Every entry below should be transcribed exactly; pictures stay out of the copy.

### DATA RECORDS
╭──

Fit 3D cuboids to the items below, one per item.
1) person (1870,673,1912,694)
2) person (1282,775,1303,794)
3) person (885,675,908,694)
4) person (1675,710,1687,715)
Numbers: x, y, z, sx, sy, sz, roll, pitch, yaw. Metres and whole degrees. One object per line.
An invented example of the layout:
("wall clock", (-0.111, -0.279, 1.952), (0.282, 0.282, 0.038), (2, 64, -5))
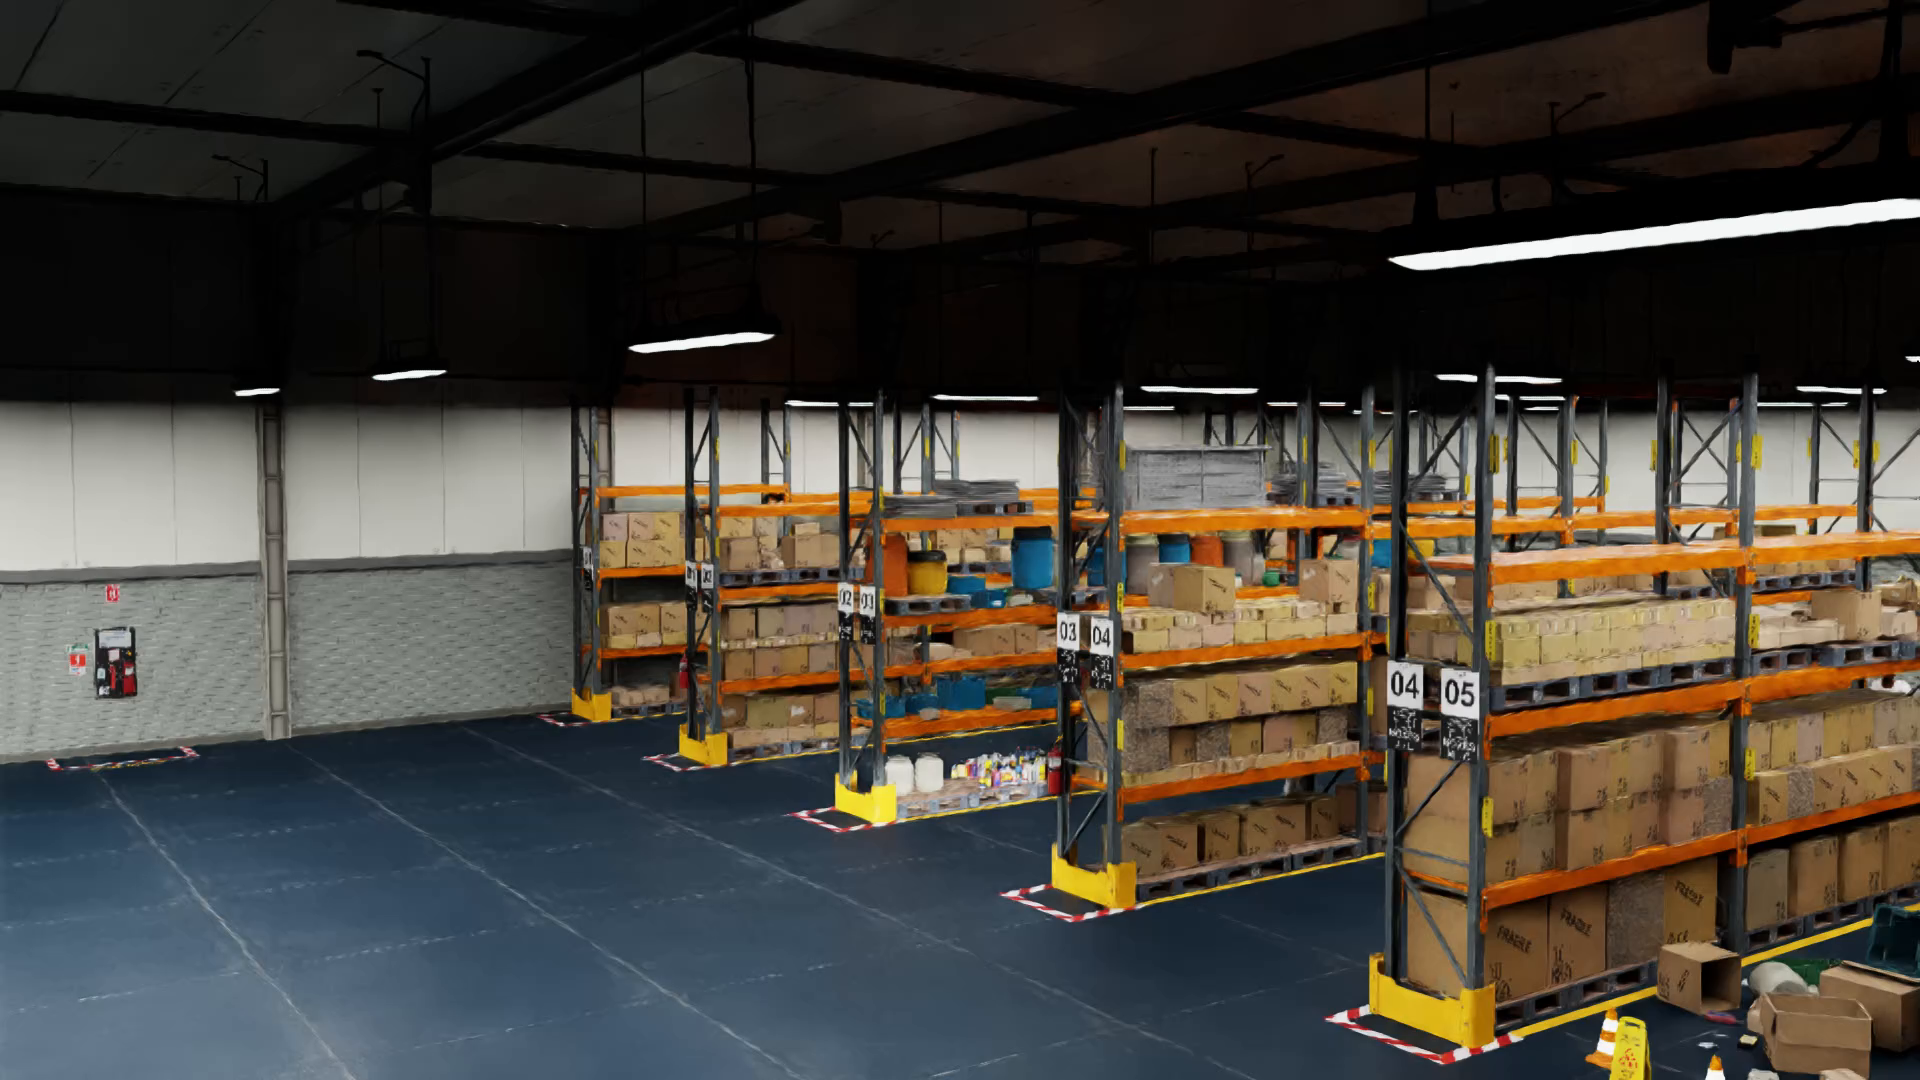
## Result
("person", (14.429, 2.762, 25.817), (0.578, 1.714, 0.719), (-3, 4, -36))
("person", (4.515, 2.986, 22.641), (1.095, 1.585, 0.447), (-2, 4, -31))
("person", (-1.249, 2.482, 31.088), (1.081, 1.590, 0.445), (-3, 4, -37))
("person", (9.800, 3.046, 22.509), (0.519, 1.541, 0.564), (-3, 4, -37))
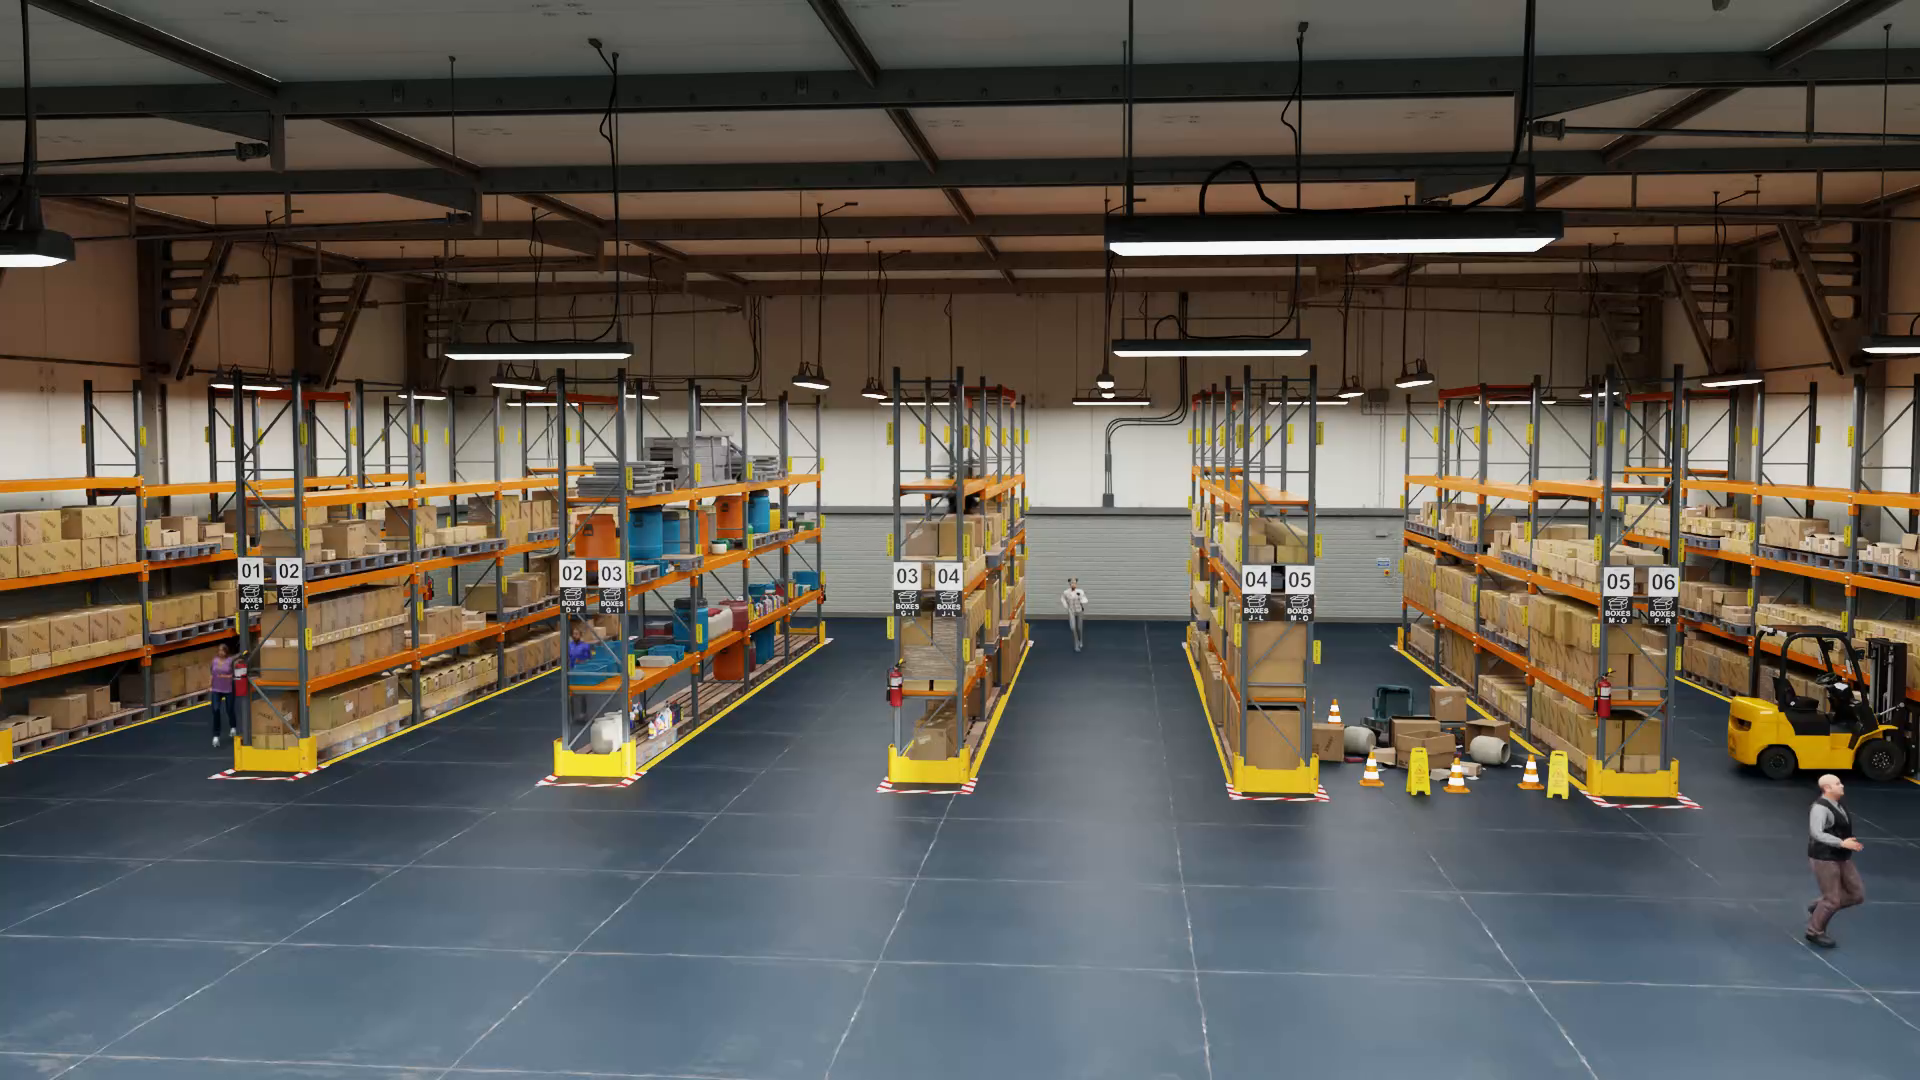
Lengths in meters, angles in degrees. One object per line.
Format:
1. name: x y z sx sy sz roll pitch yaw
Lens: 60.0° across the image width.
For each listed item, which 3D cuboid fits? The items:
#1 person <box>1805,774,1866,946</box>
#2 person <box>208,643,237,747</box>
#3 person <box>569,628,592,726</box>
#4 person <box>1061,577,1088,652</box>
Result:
1. person: 8.587 3.141 16.309 0.708 1.689 0.555 -3 5 -42
2. person: -12.035 2.499 27.173 0.519 1.627 0.797 -1 4 -11
3. person: -6.684 2.385 29.024 0.555 1.716 0.755 0 4 0
4. person: 2.687 1.744 39.017 0.615 1.744 0.733 0 4 0
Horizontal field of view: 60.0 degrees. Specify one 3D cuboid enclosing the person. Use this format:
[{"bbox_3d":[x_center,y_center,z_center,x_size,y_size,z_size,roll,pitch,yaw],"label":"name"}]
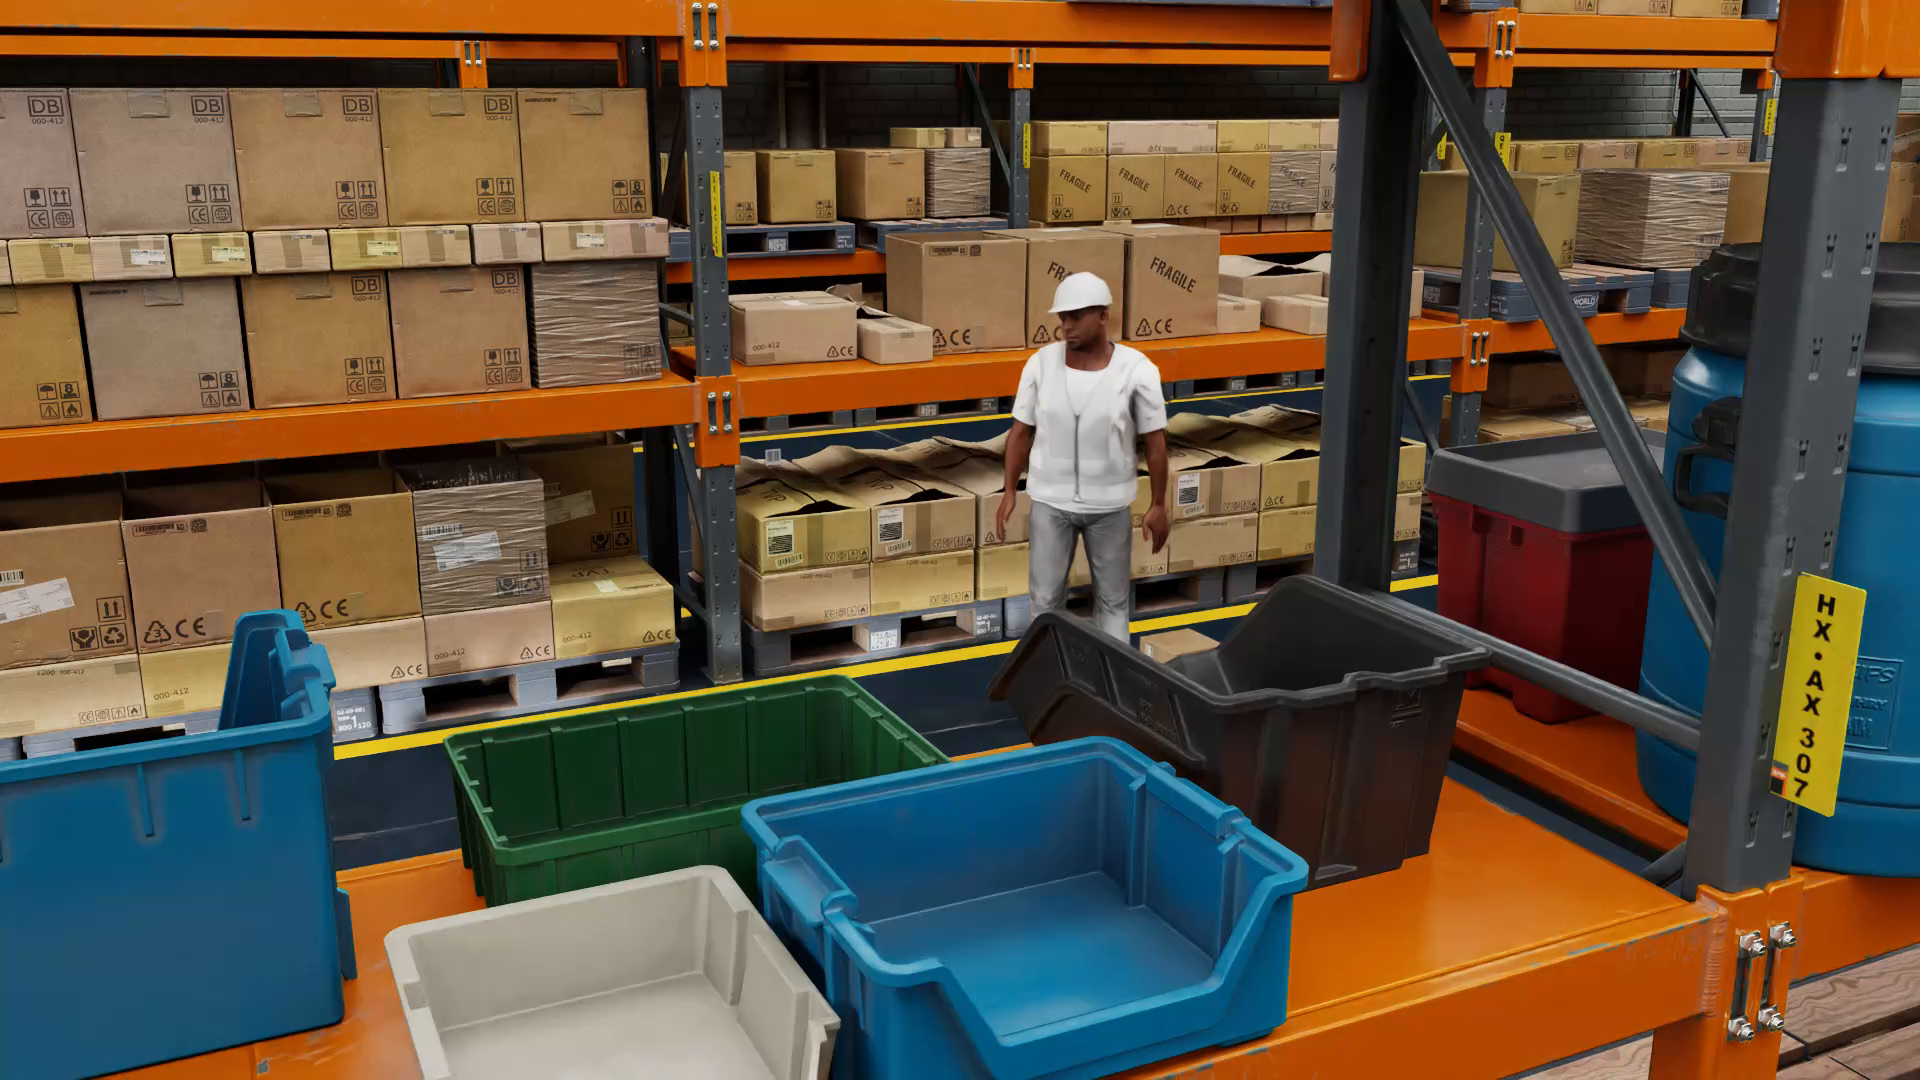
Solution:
[{"bbox_3d":[0.467,-0.130,6.383,0.668,1.768,0.531,3,15,10],"label":"person"}]

╰──

### THE COMPLETED TASK
Fit 3D cuboids to the items below, one per item.
1) person (1870,673,1912,694)
2) person (1282,775,1303,794)
3) person (885,675,908,694)
4) person (1675,710,1687,715)
Numbers: x, y, z, sx, sy, sz, roll, pitch, yaw. Metres and whole degrees. One object per line.
An invented example of the layout:
("wall clock", (-0.111, -0.279, 1.952), (0.282, 0.282, 0.038), (2, 64, -5))
## Result
("person", (14.429, 2.762, 25.817), (0.578, 1.714, 0.719), (-3, 4, -36))
("person", (4.515, 2.986, 22.641), (1.095, 1.585, 0.447), (-2, 4, -31))
("person", (-1.249, 2.482, 31.088), (1.081, 1.590, 0.445), (-3, 4, -37))
("person", (9.800, 3.046, 22.509), (0.519, 1.541, 0.564), (-3, 4, -37))
Lengths in meters, angles in degrees. One object per line.
Format:
1. name: x y z sx sy sz roll pitch yaw
Lens: 60.0° across the image width.
For each listed item, which 3D cuboid fits? The items:
#1 person <box>1805,774,1866,946</box>
#2 person <box>208,643,237,747</box>
#3 person <box>569,628,592,726</box>
#4 person <box>1061,577,1088,652</box>
Result:
1. person: 8.587 3.141 16.309 0.708 1.689 0.555 -3 5 -42
2. person: -12.035 2.499 27.173 0.519 1.627 0.797 -1 4 -11
3. person: -6.684 2.385 29.024 0.555 1.716 0.755 0 4 0
4. person: 2.687 1.744 39.017 0.615 1.744 0.733 0 4 0
Horizontal field of view: 60.0 degrees. Specify one 3D cuboid enclosing the person. Use this format:
[{"bbox_3d":[x_center,y_center,z_center,x_size,y_size,z_size,roll,pitch,yaw],"label":"name"}]
Solution:
[{"bbox_3d":[0.467,-0.130,6.383,0.668,1.768,0.531,3,15,10],"label":"person"}]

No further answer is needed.